What is being asked:
Only the lines below between the ones containing "What oriented 3D" and "- pedestrian from (1318, 598) to (1334, 633)", inclusive, are to be reproduced, each exactly as it stands.

Task inputs:
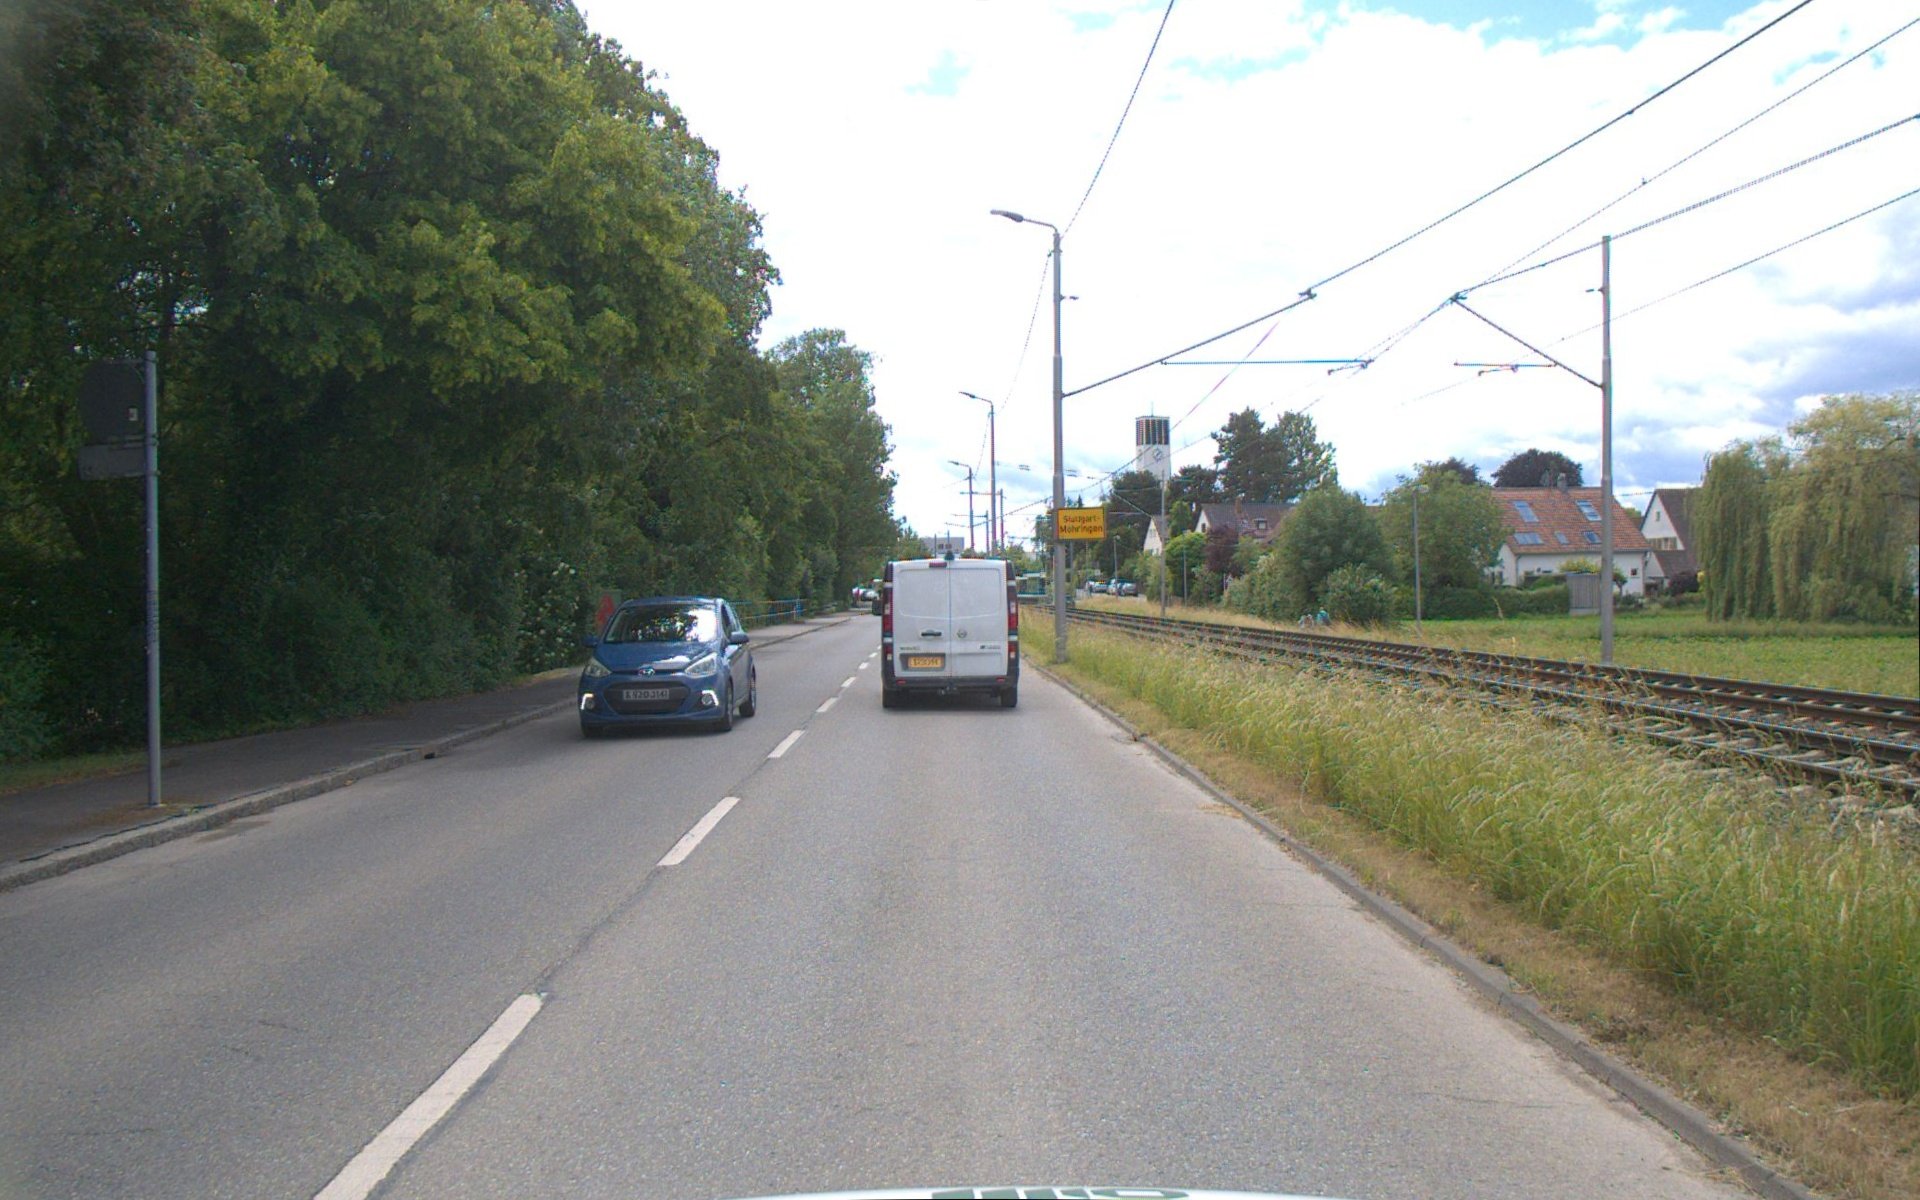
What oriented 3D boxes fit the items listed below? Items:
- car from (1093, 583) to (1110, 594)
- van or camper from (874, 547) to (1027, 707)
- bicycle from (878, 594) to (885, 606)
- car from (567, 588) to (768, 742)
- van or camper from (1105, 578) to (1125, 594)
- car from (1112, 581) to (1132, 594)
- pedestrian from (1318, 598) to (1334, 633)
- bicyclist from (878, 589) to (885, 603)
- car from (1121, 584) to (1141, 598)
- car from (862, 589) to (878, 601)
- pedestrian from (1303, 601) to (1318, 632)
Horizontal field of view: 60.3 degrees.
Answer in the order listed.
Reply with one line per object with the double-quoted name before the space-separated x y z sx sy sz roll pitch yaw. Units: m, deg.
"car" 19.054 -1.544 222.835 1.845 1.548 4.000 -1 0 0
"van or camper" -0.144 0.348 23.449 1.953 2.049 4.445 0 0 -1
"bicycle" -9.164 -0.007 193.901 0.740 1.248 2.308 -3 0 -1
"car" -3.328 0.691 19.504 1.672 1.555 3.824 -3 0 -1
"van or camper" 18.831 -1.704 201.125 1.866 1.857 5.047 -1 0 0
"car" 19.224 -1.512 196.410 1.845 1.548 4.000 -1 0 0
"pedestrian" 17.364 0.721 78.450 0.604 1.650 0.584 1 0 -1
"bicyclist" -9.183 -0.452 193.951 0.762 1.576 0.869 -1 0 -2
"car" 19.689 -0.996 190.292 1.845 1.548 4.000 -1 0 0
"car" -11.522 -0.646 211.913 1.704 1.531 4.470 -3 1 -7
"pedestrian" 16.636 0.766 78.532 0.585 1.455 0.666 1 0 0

--

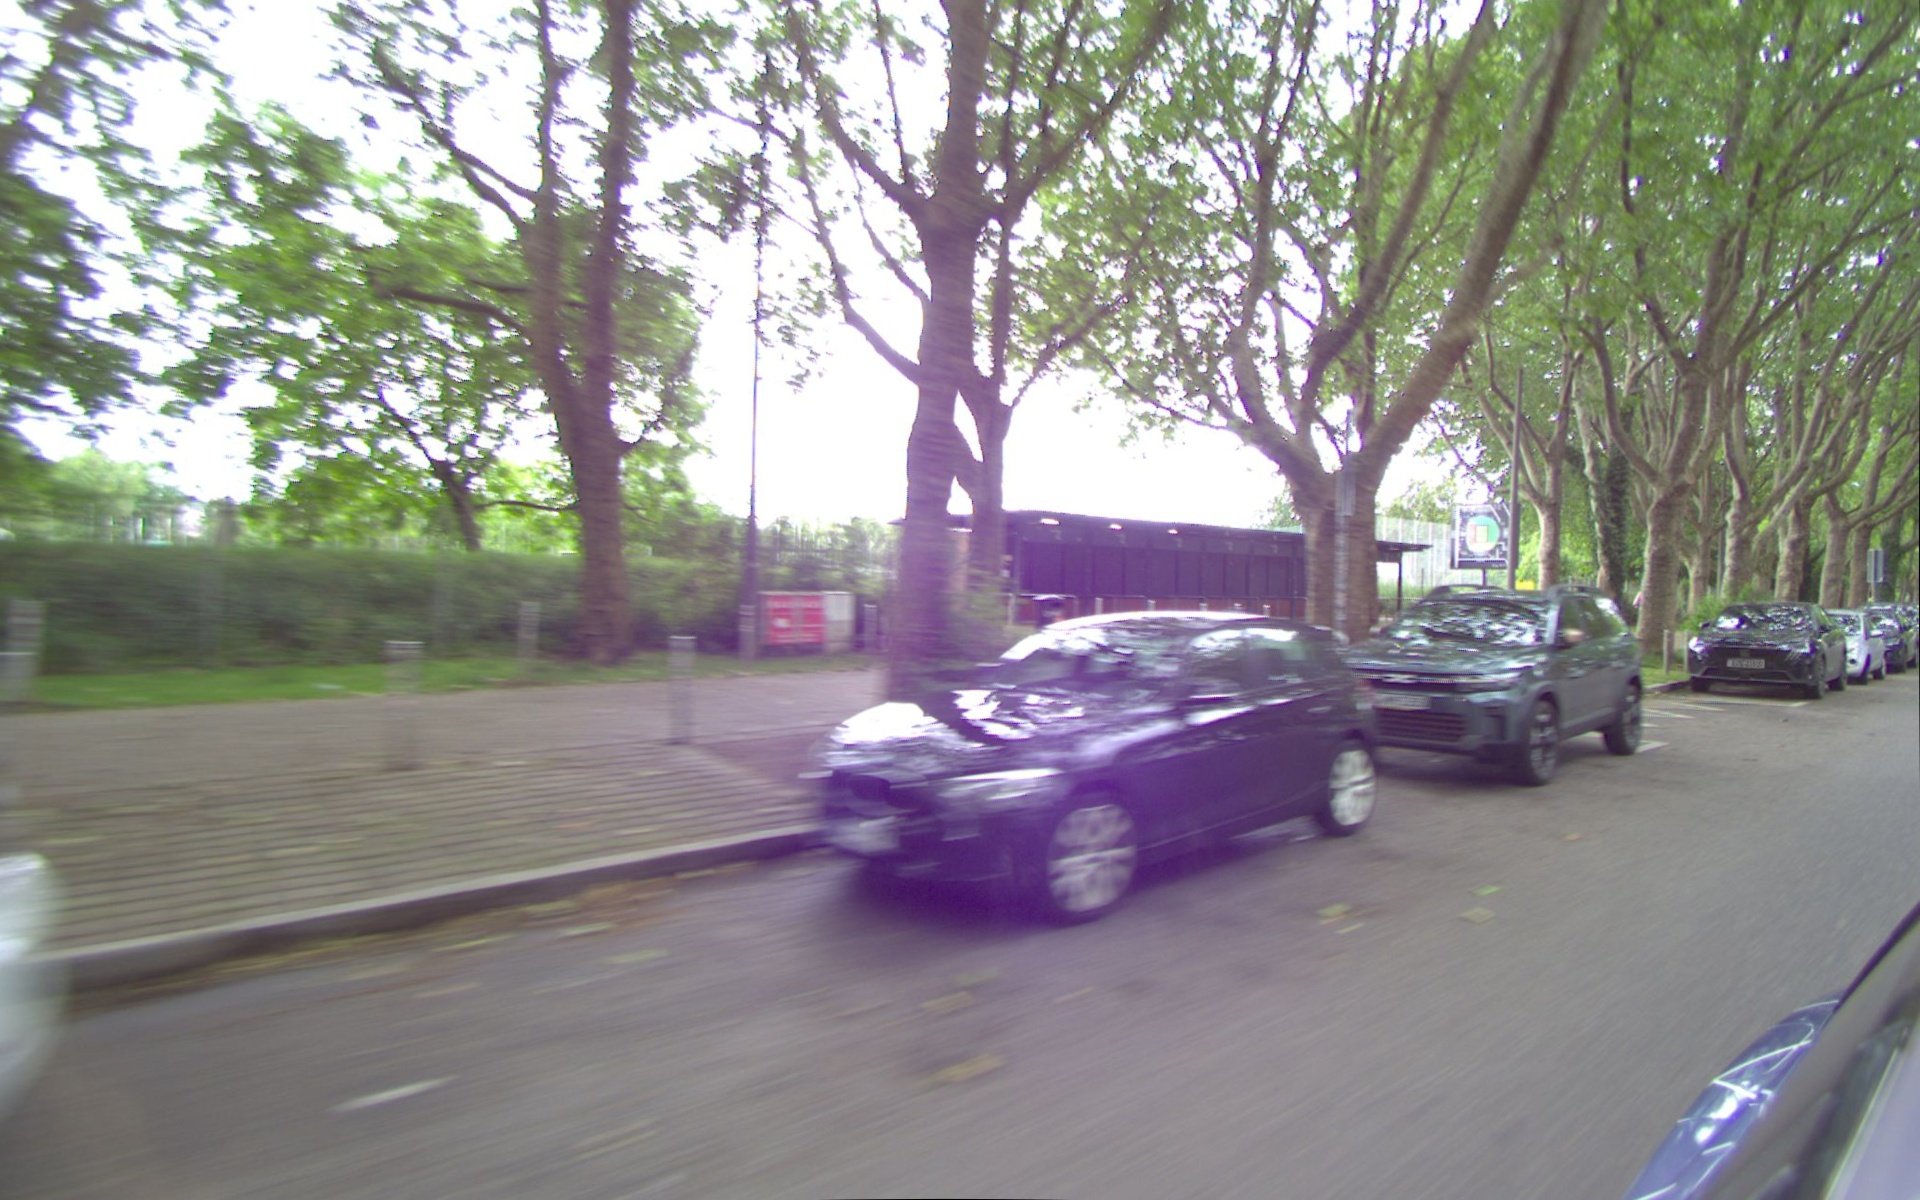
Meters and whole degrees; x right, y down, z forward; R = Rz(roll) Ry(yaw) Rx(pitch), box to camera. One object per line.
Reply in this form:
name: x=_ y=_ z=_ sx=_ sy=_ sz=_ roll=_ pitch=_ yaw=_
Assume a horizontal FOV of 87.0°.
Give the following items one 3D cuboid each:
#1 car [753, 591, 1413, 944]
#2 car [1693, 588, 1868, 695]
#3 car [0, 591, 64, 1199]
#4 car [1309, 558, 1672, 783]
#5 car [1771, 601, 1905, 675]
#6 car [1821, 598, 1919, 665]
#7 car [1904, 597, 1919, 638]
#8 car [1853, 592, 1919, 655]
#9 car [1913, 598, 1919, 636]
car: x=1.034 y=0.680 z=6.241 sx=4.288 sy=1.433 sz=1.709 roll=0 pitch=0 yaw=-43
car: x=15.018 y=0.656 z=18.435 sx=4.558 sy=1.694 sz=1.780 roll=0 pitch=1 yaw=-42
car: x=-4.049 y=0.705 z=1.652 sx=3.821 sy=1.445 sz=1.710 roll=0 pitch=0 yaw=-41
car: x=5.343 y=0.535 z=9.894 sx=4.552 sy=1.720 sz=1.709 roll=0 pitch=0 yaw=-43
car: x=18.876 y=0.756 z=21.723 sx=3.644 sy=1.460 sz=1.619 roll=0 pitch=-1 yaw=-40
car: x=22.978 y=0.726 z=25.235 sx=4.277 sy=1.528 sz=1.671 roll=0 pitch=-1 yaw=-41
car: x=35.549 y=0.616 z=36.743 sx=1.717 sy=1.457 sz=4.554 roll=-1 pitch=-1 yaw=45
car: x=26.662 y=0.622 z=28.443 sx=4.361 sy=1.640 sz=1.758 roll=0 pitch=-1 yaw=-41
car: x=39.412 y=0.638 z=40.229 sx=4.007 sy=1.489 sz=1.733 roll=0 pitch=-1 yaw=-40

--

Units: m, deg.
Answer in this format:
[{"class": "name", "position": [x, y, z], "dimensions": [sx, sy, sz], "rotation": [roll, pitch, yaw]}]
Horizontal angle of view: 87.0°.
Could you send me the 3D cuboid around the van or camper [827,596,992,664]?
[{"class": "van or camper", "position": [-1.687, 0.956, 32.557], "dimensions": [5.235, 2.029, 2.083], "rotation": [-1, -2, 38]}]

Result:
What oriented 3D boxes fit the items listed below? Items:
- car from (1093, 583) to (1110, 594)
- van or camper from (874, 547) to (1027, 707)
- bicycle from (878, 594) to (885, 606)
- car from (567, 588) to (768, 742)
- van or camper from (1105, 578) to (1125, 594)
- car from (1112, 581) to (1132, 594)
- pedestrian from (1318, 598) to (1334, 633)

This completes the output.